Bauxite dust also displaced monkeys from Bukit Goh’s oil palm plantations, which encompasses nearly 69% of the community’s land area. The animals have fled to residential areas, Jehan said.

“When plantations started to be cleared for bauxite mining, they moved to where they can find food,” Jehan said. “Residential areas and dustbins are the next targets. Monkeys start to steal food from our houses, especially those who have wet kitchens. Monkeys will then take their potatoes and foodstuff, sometimes they eat or mess it up.”

Perbadanan Kemajuan Negeri Pahang (PKNP) Mineral Industries, which says it is focused on projects improving the wellbeing of Pahang’s rural areas, contracted with BG Mining for access to its bauxite mines in Bukit Goh.

PKNP Mineral Industries hired environmental consultancy firm Kenep Consultancy to conduct an environmental impact assessment (EIA) on the operations. Published in June, Kenep reported BG Mining has applied to reopen four to six bauxite mines.

The EIA says the village of Padang Perdana lies 20 metres south of the proposed mines in Bukit Goh and predicts the flow of bauxite runoff is expected to affect the water quality of houses near three rivers: Sungai Riau, Sungai Mabuk and Sungai Kuantan.

“You can imagine the leaching from Bukit Goh eventually gets into the river and into our water sources,” Salleh said. “We found out it contained lead and other metals. Arsenic, mercury – it was so frightening.”

Yet there was not widespread awareness of the environmental impact assessment among residents of Bukit Goh.

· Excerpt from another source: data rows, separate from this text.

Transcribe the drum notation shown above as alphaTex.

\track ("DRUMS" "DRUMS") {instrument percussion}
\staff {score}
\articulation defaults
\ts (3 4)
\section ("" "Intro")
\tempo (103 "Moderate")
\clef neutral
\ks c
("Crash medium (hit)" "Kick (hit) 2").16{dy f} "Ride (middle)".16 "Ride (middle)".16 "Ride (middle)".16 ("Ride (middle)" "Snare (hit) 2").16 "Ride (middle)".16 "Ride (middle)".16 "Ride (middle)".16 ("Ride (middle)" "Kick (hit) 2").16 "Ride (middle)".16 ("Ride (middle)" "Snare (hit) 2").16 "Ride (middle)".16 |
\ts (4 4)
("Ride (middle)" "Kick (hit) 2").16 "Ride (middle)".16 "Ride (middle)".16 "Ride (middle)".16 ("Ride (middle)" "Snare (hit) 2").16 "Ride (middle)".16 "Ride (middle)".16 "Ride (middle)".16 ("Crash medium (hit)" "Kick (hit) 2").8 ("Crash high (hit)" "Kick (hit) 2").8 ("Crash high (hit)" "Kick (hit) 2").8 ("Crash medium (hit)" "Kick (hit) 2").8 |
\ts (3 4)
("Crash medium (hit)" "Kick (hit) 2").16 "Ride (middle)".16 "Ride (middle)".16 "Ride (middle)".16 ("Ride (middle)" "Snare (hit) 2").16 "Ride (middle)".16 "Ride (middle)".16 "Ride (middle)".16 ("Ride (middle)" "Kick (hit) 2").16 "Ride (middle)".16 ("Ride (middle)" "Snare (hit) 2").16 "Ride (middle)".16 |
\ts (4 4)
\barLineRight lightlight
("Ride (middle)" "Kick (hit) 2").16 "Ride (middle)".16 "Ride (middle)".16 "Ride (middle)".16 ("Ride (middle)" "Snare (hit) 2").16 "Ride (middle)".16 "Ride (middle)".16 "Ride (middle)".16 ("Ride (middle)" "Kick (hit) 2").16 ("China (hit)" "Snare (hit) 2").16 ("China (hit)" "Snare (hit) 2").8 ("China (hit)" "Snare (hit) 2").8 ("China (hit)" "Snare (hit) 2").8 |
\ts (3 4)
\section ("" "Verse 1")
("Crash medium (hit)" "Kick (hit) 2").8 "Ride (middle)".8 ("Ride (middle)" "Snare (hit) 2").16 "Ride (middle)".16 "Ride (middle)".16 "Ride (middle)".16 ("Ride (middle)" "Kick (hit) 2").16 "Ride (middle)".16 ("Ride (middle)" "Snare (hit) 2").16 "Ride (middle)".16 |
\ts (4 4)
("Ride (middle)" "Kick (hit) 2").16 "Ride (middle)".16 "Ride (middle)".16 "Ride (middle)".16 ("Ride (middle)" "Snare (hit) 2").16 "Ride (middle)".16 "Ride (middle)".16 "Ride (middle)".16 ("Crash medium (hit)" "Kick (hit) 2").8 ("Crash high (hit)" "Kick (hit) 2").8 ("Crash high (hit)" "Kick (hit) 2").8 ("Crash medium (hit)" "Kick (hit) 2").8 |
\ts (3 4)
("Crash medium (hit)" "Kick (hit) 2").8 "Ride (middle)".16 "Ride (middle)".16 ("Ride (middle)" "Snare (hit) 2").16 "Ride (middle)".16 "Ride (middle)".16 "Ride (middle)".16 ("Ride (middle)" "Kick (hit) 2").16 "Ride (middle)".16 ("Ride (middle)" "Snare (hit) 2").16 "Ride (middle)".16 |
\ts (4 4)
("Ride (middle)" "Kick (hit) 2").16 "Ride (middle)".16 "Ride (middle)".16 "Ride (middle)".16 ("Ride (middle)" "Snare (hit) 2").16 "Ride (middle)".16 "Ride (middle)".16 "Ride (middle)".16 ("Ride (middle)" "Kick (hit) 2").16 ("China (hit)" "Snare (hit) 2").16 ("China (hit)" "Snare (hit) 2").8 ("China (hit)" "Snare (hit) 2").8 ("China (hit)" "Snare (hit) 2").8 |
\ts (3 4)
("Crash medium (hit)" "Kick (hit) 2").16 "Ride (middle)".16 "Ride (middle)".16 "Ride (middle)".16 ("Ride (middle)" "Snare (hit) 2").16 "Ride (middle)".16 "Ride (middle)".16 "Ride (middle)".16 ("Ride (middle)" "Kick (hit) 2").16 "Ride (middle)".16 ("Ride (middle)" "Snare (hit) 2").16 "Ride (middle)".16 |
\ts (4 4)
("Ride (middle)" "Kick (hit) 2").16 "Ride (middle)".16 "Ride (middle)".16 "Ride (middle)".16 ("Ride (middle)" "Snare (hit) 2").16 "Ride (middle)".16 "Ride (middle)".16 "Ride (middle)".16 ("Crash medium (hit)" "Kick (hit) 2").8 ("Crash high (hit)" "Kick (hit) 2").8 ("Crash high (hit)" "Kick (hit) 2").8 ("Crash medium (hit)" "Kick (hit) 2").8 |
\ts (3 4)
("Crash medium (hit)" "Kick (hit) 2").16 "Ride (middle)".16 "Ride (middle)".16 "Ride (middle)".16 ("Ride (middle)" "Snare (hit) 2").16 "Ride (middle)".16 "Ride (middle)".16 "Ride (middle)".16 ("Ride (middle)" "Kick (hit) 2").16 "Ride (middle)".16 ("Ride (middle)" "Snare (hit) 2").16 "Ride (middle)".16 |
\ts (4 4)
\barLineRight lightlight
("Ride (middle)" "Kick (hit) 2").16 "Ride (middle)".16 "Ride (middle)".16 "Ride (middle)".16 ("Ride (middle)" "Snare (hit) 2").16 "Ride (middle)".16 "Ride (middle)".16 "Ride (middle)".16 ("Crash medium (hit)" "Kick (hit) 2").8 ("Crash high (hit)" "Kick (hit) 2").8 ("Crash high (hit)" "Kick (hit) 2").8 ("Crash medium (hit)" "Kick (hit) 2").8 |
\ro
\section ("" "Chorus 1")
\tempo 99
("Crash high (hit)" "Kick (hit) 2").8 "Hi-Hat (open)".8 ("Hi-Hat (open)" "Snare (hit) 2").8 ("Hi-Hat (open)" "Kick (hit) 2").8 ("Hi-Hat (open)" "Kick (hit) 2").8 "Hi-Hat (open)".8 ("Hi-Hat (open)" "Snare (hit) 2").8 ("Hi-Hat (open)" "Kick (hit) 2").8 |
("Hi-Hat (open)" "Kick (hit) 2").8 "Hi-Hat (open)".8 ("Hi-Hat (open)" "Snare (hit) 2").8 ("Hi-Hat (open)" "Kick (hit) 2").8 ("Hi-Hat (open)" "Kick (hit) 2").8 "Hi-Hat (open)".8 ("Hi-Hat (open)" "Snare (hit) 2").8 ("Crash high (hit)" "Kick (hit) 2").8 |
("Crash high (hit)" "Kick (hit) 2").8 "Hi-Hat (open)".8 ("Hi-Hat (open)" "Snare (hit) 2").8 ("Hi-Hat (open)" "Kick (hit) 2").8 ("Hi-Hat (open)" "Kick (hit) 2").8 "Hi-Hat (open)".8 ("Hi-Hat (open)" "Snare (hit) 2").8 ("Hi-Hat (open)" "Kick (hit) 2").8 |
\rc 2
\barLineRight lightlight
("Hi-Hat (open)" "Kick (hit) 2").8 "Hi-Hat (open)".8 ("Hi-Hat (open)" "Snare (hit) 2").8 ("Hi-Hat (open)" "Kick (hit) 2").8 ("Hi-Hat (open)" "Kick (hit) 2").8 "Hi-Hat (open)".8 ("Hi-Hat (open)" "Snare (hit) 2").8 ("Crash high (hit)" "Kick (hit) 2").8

Many residents are older and lack stable internet access to view the report, according to Fuziah and Jehan. 

There was no federal or state government oversight of bauxite mining in 2015 and 2016. Companies needed to get the consent of landowners to mine but did not previously conduct environmental assessments because they were not required for plots smaller than 250 hectares (2.5 square kilometres or 0.96 square miles.) The regulations now in place require an EIA and other standard practices such as rehabilitating the land after digging all the bauxite ore out of a plot.

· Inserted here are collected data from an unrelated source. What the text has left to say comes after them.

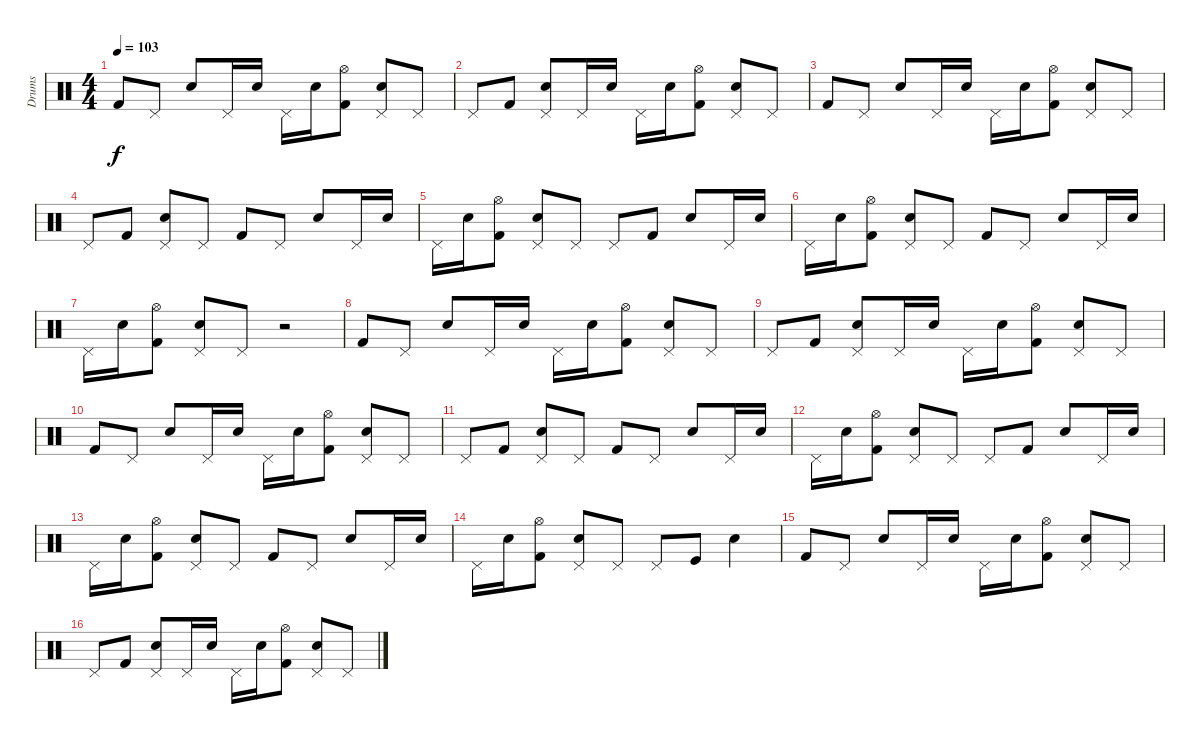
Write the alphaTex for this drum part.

\track ("Drums" "Drums") {instrument percussion}
\staff {score}
\articulation defaults
\ts (4 4)
\tempo 103
\clef neutral
\ks c "Kick (hit) 2".8{dy f} "Pedal Hi-Hat (hit)".8 "Electric Snare (hit)".8 "Pedal Hi-Hat (hit)".16 "Electric Snare (hit)".16 "Pedal Hi-Hat (hit)".16 "Electric Snare (hit)".16
("Hi-Hat (open)" "Kick (hit) 2").8 ("Pedal Hi-Hat (hit)" "Electric Snare (hit)").8 "Pedal Hi-Hat (hit)".8 |
"Pedal Hi-Hat (hit)".8 "Kick (hit) 2".8 ("Pedal Hi-Hat (hit)" "Electric Snare (hit)").8 "Pedal Hi-Hat (hit)".16 "Electric Snare (hit)".16 "Pedal Hi-Hat (hit)".16 "Electric Snare (hit)".16 ("Hi-Hat (open)" "Kick (hit) 2").8 ("Pedal Hi-Hat (hit)" "Electric Snare (hit)").8 "Pedal Hi-Hat (hit)".8 |
"Kick (hit) 2".8 "Pedal Hi-Hat (hit)".8 "Electric Snare (hit)".8 "Pedal Hi-Hat (hit)".16 "Electric Snare (hit)".16 "Pedal Hi-Hat (hit)".16 "Electric Snare (hit)".16 ("Hi-Hat (open)" "Kick (hit) 2").8 ("Pedal Hi-Hat (hit)" "Electric Snare (hit)").8 "Pedal Hi-Hat (hit)".8 |
"Pedal Hi-Hat (hit)".8 "Kick (hit) 2".8 ("Pedal Hi-Hat (hit)" "Electric Snare (hit)").8 "Pedal Hi-Hat (hit)".8 "Kick (hit) 2".8 "Pedal Hi-Hat (hit)".8 "Electric Snare (hit)".8 "Pedal Hi-Hat (hit)".16 "Electric Snare (hit)".16 |
"Pedal Hi-Hat (hit)".16 "Electric Snare (hit)".16 ("Hi-Hat (open)" "Kick (hit) 2").8 ("Pedal Hi-Hat (hit)" "Electric Snare (hit)").8 "Pedal Hi-Hat (hit)".8 "Pedal Hi-Hat (hit)".8 "Kick (hit) 2".8 "Electric Snare (hit)".8 "Pedal Hi-Hat (hit)".16 "Electric Snare (hit)".16 |
"Pedal Hi-Hat (hit)".16 "Electric Snare (hit)".16 ("Hi-Hat (open)" "Kick (hit) 2").8 ("Pedal Hi-Hat (hit)" "Electric Snare (hit)").8 "Pedal Hi-Hat (hit)".8 "Kick (hit) 2".8 "Pedal Hi-Hat (hit)".8 "Electric Snare (hit)".8 "Pedal Hi-Hat (hit)".16 "Electric Snare (hit)".16 |
"Pedal Hi-Hat (hit)".16 "Electric Snare (hit)".16 ("Hi-Hat (open)" "Kick (hit) 2").8 ("Pedal Hi-Hat (hit)" "Electric Snare (hit)").8 "Pedal Hi-Hat (hit)".8 r.2 |
"Kick (hit) 2".8 "Pedal Hi-Hat (hit)".8 "Electric Snare (hit)".8 "Pedal Hi-Hat (hit)".16 "Electric Snare (hit)".16 "Pedal Hi-Hat (hit)".16 "Electric Snare (hit)".16 ("Hi-Hat (open)" "Kick (hit) 2").8 ("Pedal Hi-Hat (hit)" "Electric Snare (hit)").8 "Pedal Hi-Hat (hit)".8 |
"Pedal Hi-Hat (hit)".8 "Kick (hit) 2".8 ("Pedal Hi-Hat (hit)" "Electric Snare (hit)").8 "Pedal Hi-Hat (hit)".16 "Electric Snare (hit)".16 "Pedal Hi-Hat (hit)".16 "Electric Snare (hit)".16 ("Hi-Hat (open)" "Kick (hit) 2").8 ("Pedal Hi-Hat (hit)" "Electric Snare (hit)").8 "Pedal Hi-Hat (hit)".8 |
"Kick (hit) 2".8 "Pedal Hi-Hat (hit)".8 "Electric Snare (hit)".8 "Pedal Hi-Hat (hit)".16 "Electric Snare (hit)".16 "Pedal Hi-Hat (hit)".16 "Electric Snare (hit)".16 ("Hi-Hat (open)" "Kick (hit) 2").8 ("Pedal Hi-Hat (hit)" "Electric Snare (hit)").8 "Pedal Hi-Hat (hit)".8 |
"Pedal Hi-Hat (hit)".8 "Kick (hit) 2".8 ("Pedal Hi-Hat (hit)" "Electric Snare (hit)").8 "Pedal Hi-Hat (hit)".8 "Kick (hit) 2".8 "Pedal Hi-Hat (hit)".8 "Electric Snare (hit)".8 "Pedal Hi-Hat (hit)".16 "Electric Snare (hit)".16 |
"Pedal Hi-Hat (hit)".16 "Electric Snare (hit)".16 ("Hi-Hat (open)" "Kick (hit) 2").8 ("Pedal Hi-Hat (hit)" "Electric Snare (hit)").8 "Pedal Hi-Hat (hit)".8 "Pedal Hi-Hat (hit)".8 "Kick (hit) 2".8 "Electric Snare (hit)".8 "Pedal Hi-Hat (hit)".16 "Electric Snare (hit)".16 |
"Pedal Hi-Hat (hit)".16 "Electric Snare (hit)".16 ("Hi-Hat (open)" "Kick (hit) 2").8 ("Pedal Hi-Hat (hit)" "Electric Snare (hit)").8 "Pedal Hi-Hat (hit)".8 "Kick (hit) 2".8 "Pedal Hi-Hat (hit)".8 "Electric Snare (hit)".8 "Pedal Hi-Hat (hit)".16 "Electric Snare (hit)".16 |
"Pedal Hi-Hat (hit)".16 "Electric Snare (hit)".16 ("Hi-Hat (open)" "Kick (hit) 2").8 ("Pedal Hi-Hat (hit)" "Electric Snare (hit)").8 "Pedal Hi-Hat (hit)".8 "Pedal Hi-Hat (hit)".8 "Kick (hit)".8 "Electric Snare (hit)".4 |
"Kick (hit) 2".8 "Pedal Hi-Hat (hit)".8 "Electric Snare (hit)".8 "Pedal Hi-Hat (hit)".16 "Electric Snare (hit)".16 "Pedal Hi-Hat (hit)".16 "Electric Snare (hit)".16 ("Hi-Hat (open)" "Kick (hit) 2").8 ("Pedal Hi-Hat (hit)" "Electric Snare (hit)").8 "Pedal Hi-Hat (hit)".8 |
"Pedal Hi-Hat (hit)".8 "Kick (hit) 2".8 ("Pedal Hi-Hat (hit)" "Electric Snare (hit)").8 "Pedal Hi-Hat (hit)".16 "Electric Snare (hit)".16 "Pedal Hi-Hat (hit)".16 "Electric Snare (hit)".16 ("Hi-Hat (open)" "Kick (hit) 2").8 ("Pedal Hi-Hat (hit)" "Electric Snare (hit)").8 "Pedal Hi-Hat (hit)".8

“Before we can commence mining operations, we have to do the environmental impact assessment report first. When we get approval from the EIA report, we start mining,” a PKNP spokesperson said.

Companies now must apply for mining permits and conduct environmental assessments before beginning bauxite mining operations. Bukit Goh’s EIA listed several solutions for mitigating environmental damage such as addressing the safe transportation of bauxite ore in bulk containers and scheduled waste disposal areas. 

The spokesperson, who asked to withhold their name for fear of retribution from members of the public, said permit applications have been submitted for two bauxite mines, while the company will consider possibly opening three additional mines within Bukit Goh. For now, the company is waiting for the state government to review the environmental assessment.

“For bauxite in Pahang, in Bukit Goh, we haven’t operated yet. We are waiting for approval of [the] EIA report,” the spokesperson said, noting that the company will mitigate the environmental impact by following safety protocols outlined in the assessment’s recommended standard operating procedures.

Jehan and Salleh said consistent government inspections and a holistic reconsideration of environmental impact assessments before proceeding with the reopening of Bukit Goh’s bauxite mines could mitigate the impact.

Yet they fear reopening the bauxite mines without consistent application of standard operating procedures would unleash widespread health and environmental repercussions in Kuantan.

Jehan noted that many of Kuantan’s residents are among the bottom 40% of Malaysia’s income earners who drink and fish in the river water that has been stained red by the mines.

“What other choice do we have? Especially for the people from lower-income classes,” she said. “Can they go to the supermarket and buy fish somewhere else?”